Neural Trust Region/Proximal Policy Optimization Attains Globally Optimal Policy
Boyi Liu, Qi Cai, Zhuoran Yang, Zhaoran Wang
Proximal policy optimization and trust region policy optimization (PPO and TRPO) with actor and critic parametrized by neural networks achieve significant empirical success in deep reinforcement learning. However, due to nonconvexity, the global convergence of PPO and TRPO remains less understood, which separates theory from practice. In this paper, we prove that a variant of PPO and TRPO equipped with overparametrized neural networks converges to the globally optimal policy at a sublinear rate. The key to our analysis is the global convergence of infinite-dimensional mirror descent under a notion of one-point monotonicity, where the gradient and iterate are instantiated by neural networks. In particular, the desirable representation power and optimization geometry induced by the overparametrization of such neural networks allow them to accurately approximate the infinite-dimensional gradient and iterate.

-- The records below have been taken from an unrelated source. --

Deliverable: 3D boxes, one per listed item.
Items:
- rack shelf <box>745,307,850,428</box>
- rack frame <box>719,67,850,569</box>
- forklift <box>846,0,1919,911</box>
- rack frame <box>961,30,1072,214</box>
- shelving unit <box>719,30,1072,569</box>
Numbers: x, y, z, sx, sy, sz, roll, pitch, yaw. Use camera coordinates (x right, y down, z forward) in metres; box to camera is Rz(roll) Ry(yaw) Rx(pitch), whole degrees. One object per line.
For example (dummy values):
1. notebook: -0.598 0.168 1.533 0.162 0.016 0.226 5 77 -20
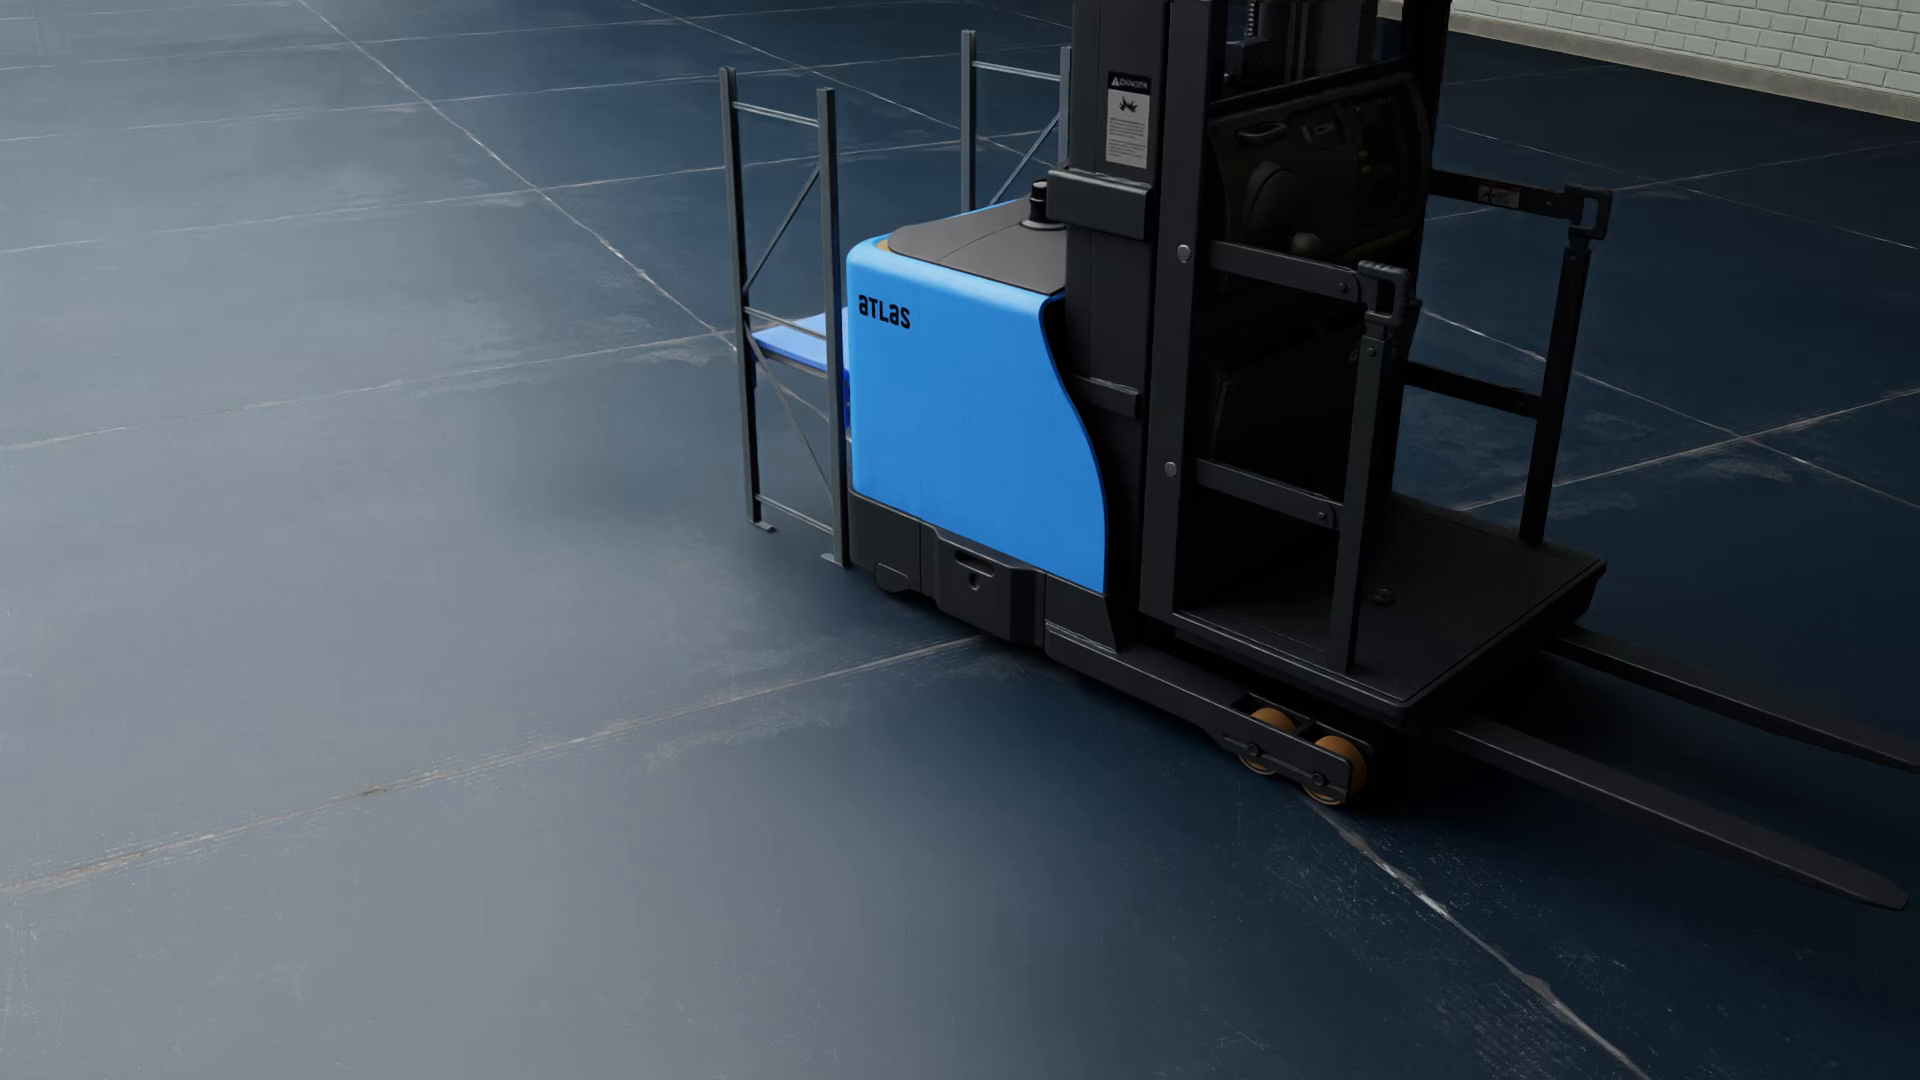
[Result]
1. rack shelf: -0.174 -0.658 5.555 1.000 0.185 0.538 -23 34 -39
2. rack frame: -0.537 -0.666 5.157 0.032 1.500 0.500 -23 34 -39
3. forklift: 1.066 -0.919 4.030 3.031 2.935 1.130 22 34 39
4. rack frame: 0.190 -0.974 5.798 0.032 1.500 0.500 -23 34 -39
5. shelving unit: -0.174 -0.820 5.477 1.048 1.500 0.538 -23 34 -39

Contrastive Learning from Pairwise Measurements
Yi Chen, Zhuoran Yang, Yuchen Xie, Zhaoran Wang
Learning from pairwise measurements naturally arises from many applications, such as rank aggregation, ordinal embedding, and crowdsourcing. However, most existing models and algorithms are susceptible to potential model misspecification. In this paper, we study a semiparametric model where the pairwise measurements follow a natural exponential family distribution with an unknown base measure. Such a semiparametric model includes various popular parametric models, such as the Bradley-Terry-Luce model and the paired cardinal model, as special cases. To estimate this semiparametric model without specifying the base measure, we propose a data augmentation technique to create virtual examples, which enables us to define a contrastive estimator. In particular, we prove that such a contrastive estimator is invariant to model misspecification within the natural exponential family, and moreover, attains the optimal statistical rate of convergence up to a logarithmic factor. We provide numerical experiments to corroborate our theory.
Multi-Agent Reinforcement Learning via Double Averaging Primal-Dual Optimization
Hoi-To Wai, Zhuoran Yang, Zhaoran Wang, Mingyi Hong
Despite the success of single-agent reinforcement learning, multi-agent reinforcement learning (MARL) remains challenging due to complex interactions between agents. Motivated by decentralized applications such as sensor networks, swarm robotics, and power grids, we study policy evaluation in MARL, where agents with jointly observed state-action pairs and private local rewards collaborate to learn the value of a given policy. In this paper, we propose a double averaging scheme, where each agent iteratively performs averaging over both space and time to incorporate neighboring gradient information and local reward information, respectively. We prove that the proposed algorithm converges to the optimal solution at a global geometric rate. In particular, such an algorithm is built upon a primal-dual reformulation of the mean squared projected Bellman error minimization problem, which gives rise to a decentralized convex-concave saddle-point problem. To the best of our knowledge, the proposed double averaging primal-dual optimization algorithm is the first to achieve fast finite-time convergence on decentralized convex-concave saddle-point problems.